The manatee escaped his cylinder and floated in the sky, magically visible to and understandable for everyone in every city and village worldwide, posing his great riddle: “Why do I drink??”

Both Joe and Mr. PCP answered at once, "To kill the pain of longing and heartbreak, and out of frustration, boredom, self spite and general malaise?
GENERAL MALAISE entered in his finest dress uniform, farted, and puked two pints of whiskey onto the floor.
"The Answer!" shouted the manatee.

“Whuk wheezh... needs. Is da sellllf... reinforshing. Problem!” slurred General Malaise. “Thash whatz we need. Thas whatz we... NEEDS,” he insisted to nobody in particular. “Itsh... our... specialty! And I am yerrrr... General Malaise! And whash we need iz a self reinforshing problem! I tellz ya!”

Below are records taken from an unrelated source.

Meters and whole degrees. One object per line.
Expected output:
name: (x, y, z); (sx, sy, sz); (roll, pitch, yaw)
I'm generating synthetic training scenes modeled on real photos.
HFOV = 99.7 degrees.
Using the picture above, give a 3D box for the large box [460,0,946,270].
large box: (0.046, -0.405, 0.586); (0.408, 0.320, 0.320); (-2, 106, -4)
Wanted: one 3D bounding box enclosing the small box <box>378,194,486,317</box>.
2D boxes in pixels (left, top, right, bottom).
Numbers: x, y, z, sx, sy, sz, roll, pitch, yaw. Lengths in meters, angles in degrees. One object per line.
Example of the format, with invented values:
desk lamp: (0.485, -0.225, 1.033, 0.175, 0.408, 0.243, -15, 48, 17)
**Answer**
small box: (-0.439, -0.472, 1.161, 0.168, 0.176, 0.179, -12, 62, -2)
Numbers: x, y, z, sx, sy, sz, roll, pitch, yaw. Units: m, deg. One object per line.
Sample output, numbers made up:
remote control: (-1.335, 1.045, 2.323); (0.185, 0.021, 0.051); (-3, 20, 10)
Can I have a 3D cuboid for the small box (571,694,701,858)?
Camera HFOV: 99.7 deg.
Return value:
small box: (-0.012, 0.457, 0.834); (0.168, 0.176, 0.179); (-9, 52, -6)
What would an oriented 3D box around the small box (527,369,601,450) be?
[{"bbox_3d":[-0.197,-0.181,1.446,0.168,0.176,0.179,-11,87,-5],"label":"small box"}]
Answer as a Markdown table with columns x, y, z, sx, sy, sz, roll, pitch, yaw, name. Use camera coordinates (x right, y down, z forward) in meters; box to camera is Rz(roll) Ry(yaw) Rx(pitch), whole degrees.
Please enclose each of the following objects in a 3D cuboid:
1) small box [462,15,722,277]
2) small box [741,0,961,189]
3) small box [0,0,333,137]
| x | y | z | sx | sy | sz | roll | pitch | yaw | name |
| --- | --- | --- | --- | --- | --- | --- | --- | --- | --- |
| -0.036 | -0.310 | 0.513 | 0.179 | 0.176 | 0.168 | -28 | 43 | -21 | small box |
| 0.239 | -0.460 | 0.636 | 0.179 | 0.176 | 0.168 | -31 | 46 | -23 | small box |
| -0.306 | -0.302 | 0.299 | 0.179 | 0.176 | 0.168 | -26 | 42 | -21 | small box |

He stumbled into a space-age plastic chair, waving his whiskey bottle pointedly at someone only-imagined.

"The problem intensifies when you drink half a fifth of bourbon and feel as if you've only consumed half that amount." chipped in Jack Nicholson dryly.
"This leads to escalated bingeing as one struggles to attain Te desired effect," he continued.
The desired effect , rather.
"and this problem is called tolerance. What we need is more intolerance!"